### ACTION ITEM
Within the data below, state how many lines contain the string "InputReader". Provide the number only.

^^^^^^^^

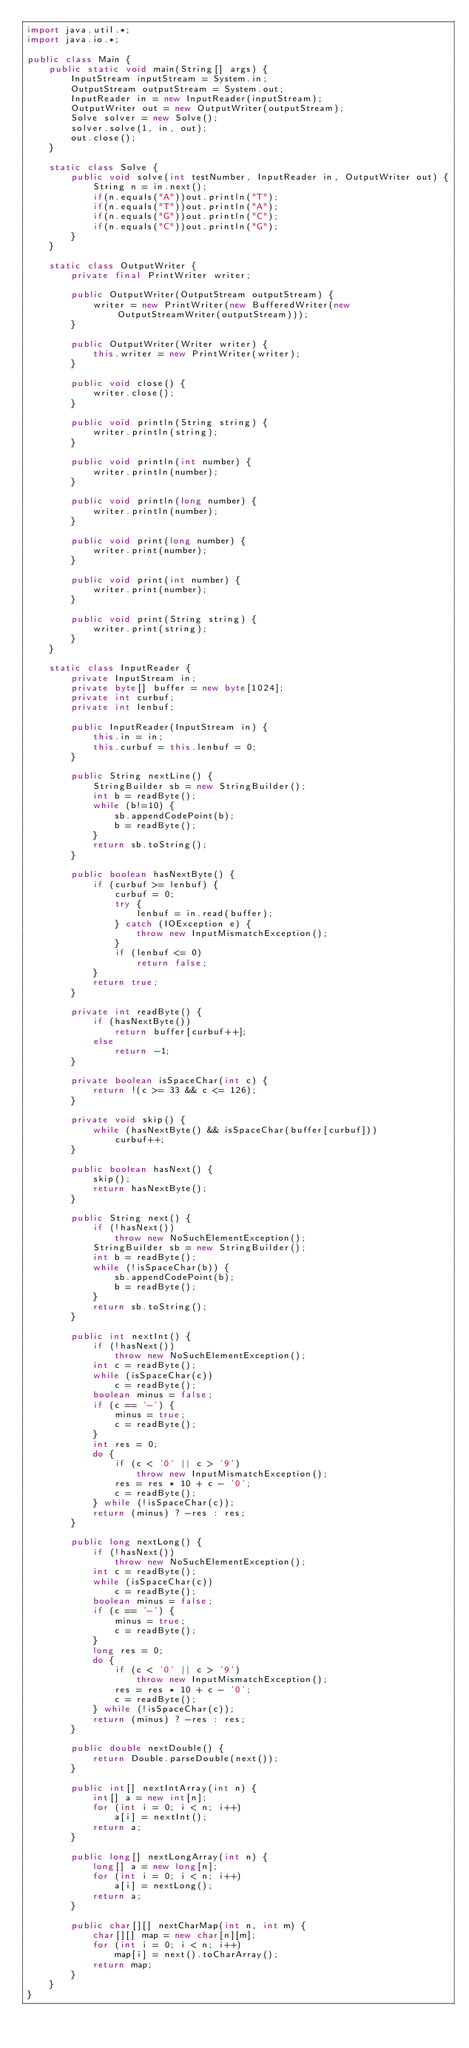Convert code to text. <code><loc_0><loc_0><loc_500><loc_500><_Java_>import java.util.*;
import java.io.*;

public class Main {
    public static void main(String[] args) {
        InputStream inputStream = System.in;
        OutputStream outputStream = System.out;
        InputReader in = new InputReader(inputStream);
        OutputWriter out = new OutputWriter(outputStream);
        Solve solver = new Solve();
        solver.solve(1, in, out);
        out.close();
    }
    
    static class Solve {
    	public void solve(int testNumber, InputReader in, OutputWriter out) {
    		String n = in.next();
    		if(n.equals("A"))out.println("T");
    		if(n.equals("T"))out.println("A");
    		if(n.equals("G"))out.println("C");
    		if(n.equals("C"))out.println("G");
    	}
    }
    
    static class OutputWriter {
	    private final PrintWriter writer;
	
	    public OutputWriter(OutputStream outputStream) {
	        writer = new PrintWriter(new BufferedWriter(new OutputStreamWriter(outputStream)));
	    }
	
	    public OutputWriter(Writer writer) {
	        this.writer = new PrintWriter(writer);
	    }
	
	    public void close() {
	        writer.close();
	    }
	
	    public void println(String string) {
	        writer.println(string);
	    }
	    
	    public void println(int number) {
	        writer.println(number);
	    }
	    
	    public void println(long number) {
	        writer.println(number);
	    }
	    
	    public void print(long number) {
	        writer.print(number);
	    }
	    
	    public void print(int number) {
	        writer.print(number);
	    }
	    
	    public void print(String string) {
	        writer.print(string);
	    }
	}
    
	static class InputReader { 
		private InputStream in;
		private byte[] buffer = new byte[1024];
		private int curbuf;
		private int lenbuf;
		
		public InputReader(InputStream in) {
			this.in = in;
			this.curbuf = this.lenbuf = 0;
		}
		
		public String nextLine() {
			StringBuilder sb = new StringBuilder();
			int b = readByte();
			while (b!=10) {
				sb.appendCodePoint(b);
				b = readByte();
			}
			return sb.toString();
		}
		
		public boolean hasNextByte() {
			if (curbuf >= lenbuf) {
				curbuf = 0;
				try {
					lenbuf = in.read(buffer);
				} catch (IOException e) {
					throw new InputMismatchException();
				}
				if (lenbuf <= 0)
					return false;
			}
			return true;
		}
 
		private int readByte() {
			if (hasNextByte())
				return buffer[curbuf++];
			else
				return -1;
		}
 
		private boolean isSpaceChar(int c) {
			return !(c >= 33 && c <= 126);
		}
 
		private void skip() {
			while (hasNextByte() && isSpaceChar(buffer[curbuf]))
				curbuf++;
		}
 
		public boolean hasNext() {
			skip();
			return hasNextByte();
		}
 
		public String next() {
			if (!hasNext())
				throw new NoSuchElementException();
			StringBuilder sb = new StringBuilder();
			int b = readByte();
			while (!isSpaceChar(b)) {
				sb.appendCodePoint(b);
				b = readByte();
			}
			return sb.toString();
		}
 
		public int nextInt() {
			if (!hasNext())
				throw new NoSuchElementException();
			int c = readByte();
			while (isSpaceChar(c))
				c = readByte();
			boolean minus = false;
			if (c == '-') {
				minus = true;
				c = readByte();
			}
			int res = 0;
			do {
				if (c < '0' || c > '9')
					throw new InputMismatchException();
				res = res * 10 + c - '0';
				c = readByte();
			} while (!isSpaceChar(c));
			return (minus) ? -res : res;
		}
 
		public long nextLong() {
			if (!hasNext())
				throw new NoSuchElementException();
			int c = readByte();
			while (isSpaceChar(c))
				c = readByte();
			boolean minus = false;
			if (c == '-') {
				minus = true;
				c = readByte();
			}
			long res = 0;
			do {
				if (c < '0' || c > '9')
					throw new InputMismatchException();
				res = res * 10 + c - '0';
				c = readByte();
			} while (!isSpaceChar(c));
			return (minus) ? -res : res;
		}
		
		public double nextDouble() {
			return Double.parseDouble(next());
		}
 
		public int[] nextIntArray(int n) {
			int[] a = new int[n];
			for (int i = 0; i < n; i++)
				a[i] = nextInt();
			return a;
		}
 
		public long[] nextLongArray(int n) {
			long[] a = new long[n];
			for (int i = 0; i < n; i++)
				a[i] = nextLong();
			return a;
		}
 
		public char[][] nextCharMap(int n, int m) {
			char[][] map = new char[n][m];
			for (int i = 0; i < n; i++)
				map[i] = next().toCharArray();
			return map;
		}
	}
}</code>

^^^^^^^^

### TASK OUTPUT
4